We Collected a Sample – Now What?
Geology Science Team Lead, Dr. Matthew Jackson, retrieves one of the rocks collected during the dive from the rock box on remotely operated vehicle Deep Discoverer. Image courtesy of the NOAA Office of Ocean Exploration and Research, 2017 American Samoa. Download larger version (777 kb).
February 23, 2017
If you’ve tuned in to the live video from NOAA Ship Okeanos Explorer, chances are you’ve seen remotely operated vehicle Deep Discoverer (D2) collect geological and biological samples from the seafloor. Ever wonder what happens to those samples after they are collected?

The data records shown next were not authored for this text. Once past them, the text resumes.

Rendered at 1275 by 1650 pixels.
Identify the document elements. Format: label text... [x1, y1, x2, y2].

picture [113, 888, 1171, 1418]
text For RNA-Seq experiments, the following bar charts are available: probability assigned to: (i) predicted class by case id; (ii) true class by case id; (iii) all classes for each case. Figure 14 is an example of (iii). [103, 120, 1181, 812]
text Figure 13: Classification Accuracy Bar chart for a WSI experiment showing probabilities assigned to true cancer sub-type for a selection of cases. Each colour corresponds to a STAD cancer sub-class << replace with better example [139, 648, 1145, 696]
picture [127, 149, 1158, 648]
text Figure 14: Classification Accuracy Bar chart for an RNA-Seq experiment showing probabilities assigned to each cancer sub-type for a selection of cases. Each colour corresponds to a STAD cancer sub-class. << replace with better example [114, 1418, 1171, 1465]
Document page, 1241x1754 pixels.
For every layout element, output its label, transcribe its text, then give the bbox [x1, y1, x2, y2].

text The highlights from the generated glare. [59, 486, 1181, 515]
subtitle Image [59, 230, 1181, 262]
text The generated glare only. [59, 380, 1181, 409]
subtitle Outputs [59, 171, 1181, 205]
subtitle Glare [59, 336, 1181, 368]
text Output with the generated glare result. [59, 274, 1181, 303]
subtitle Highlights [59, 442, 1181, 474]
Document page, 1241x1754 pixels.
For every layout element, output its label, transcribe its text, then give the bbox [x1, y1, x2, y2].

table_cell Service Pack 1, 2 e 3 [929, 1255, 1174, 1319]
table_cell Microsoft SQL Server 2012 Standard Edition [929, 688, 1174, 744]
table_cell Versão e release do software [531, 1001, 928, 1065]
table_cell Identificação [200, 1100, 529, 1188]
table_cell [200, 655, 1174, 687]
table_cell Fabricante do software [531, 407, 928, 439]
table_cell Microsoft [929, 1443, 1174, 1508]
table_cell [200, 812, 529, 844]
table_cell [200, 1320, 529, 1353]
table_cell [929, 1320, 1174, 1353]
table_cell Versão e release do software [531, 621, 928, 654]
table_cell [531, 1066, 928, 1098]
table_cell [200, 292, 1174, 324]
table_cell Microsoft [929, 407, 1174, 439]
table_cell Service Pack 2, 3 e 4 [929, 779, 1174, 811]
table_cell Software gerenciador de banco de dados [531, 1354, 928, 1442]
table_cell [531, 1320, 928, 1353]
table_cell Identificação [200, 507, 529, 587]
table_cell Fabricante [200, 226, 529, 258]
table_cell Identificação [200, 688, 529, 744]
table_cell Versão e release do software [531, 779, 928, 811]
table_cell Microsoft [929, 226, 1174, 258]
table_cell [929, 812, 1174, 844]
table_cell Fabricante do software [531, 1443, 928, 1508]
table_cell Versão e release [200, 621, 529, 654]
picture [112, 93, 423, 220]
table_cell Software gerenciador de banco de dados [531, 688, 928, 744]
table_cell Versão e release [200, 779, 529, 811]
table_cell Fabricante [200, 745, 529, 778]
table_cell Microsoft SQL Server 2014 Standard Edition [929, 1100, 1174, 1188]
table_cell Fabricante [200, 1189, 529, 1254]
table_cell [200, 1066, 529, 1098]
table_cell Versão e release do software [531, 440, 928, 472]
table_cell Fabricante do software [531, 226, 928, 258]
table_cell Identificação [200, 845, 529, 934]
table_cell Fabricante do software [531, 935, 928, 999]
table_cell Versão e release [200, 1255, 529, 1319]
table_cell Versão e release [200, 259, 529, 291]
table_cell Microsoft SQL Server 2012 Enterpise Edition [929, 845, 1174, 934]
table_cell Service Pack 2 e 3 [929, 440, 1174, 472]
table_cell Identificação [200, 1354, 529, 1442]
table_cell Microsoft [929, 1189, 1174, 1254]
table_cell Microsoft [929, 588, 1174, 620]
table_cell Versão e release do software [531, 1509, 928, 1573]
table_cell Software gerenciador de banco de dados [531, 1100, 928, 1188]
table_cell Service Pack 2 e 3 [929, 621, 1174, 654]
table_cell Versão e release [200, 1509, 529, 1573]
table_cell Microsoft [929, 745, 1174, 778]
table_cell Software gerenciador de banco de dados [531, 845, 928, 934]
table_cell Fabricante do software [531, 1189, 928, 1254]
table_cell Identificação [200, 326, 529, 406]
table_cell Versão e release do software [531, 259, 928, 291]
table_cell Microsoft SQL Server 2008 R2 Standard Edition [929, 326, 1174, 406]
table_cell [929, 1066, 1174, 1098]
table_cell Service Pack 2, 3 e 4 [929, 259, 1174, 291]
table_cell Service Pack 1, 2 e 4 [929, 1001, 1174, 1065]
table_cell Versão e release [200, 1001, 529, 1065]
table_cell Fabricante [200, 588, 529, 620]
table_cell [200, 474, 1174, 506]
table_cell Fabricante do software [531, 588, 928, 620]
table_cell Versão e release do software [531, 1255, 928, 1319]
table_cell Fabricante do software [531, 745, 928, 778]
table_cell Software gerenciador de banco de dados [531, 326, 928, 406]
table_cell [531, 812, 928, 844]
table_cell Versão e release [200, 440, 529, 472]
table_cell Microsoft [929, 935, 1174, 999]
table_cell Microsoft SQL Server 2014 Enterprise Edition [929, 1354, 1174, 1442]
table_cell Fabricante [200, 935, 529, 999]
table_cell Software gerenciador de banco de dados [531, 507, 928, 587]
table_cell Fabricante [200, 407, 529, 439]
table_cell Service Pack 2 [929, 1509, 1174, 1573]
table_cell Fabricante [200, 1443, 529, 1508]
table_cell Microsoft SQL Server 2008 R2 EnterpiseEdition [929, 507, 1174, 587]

Once a sample is brought onboard the ship, the onboard science leads – for this expedition, that’s Santiago and Matt – carefully photograph and document the specimen and provide a tentative field identification. The animals are then preserved using formalin or ethanol, depending on which preservative is more desirable for the type of animal. For coral and sponge specimens, a portion of each sample is preserved for taxonomic analysis to determine biologic classification such as species and genus; genetic analysis; and in some cases, histological, or tissue, examination. Once prepared, samples are stored until they can complete the next leg of their journey.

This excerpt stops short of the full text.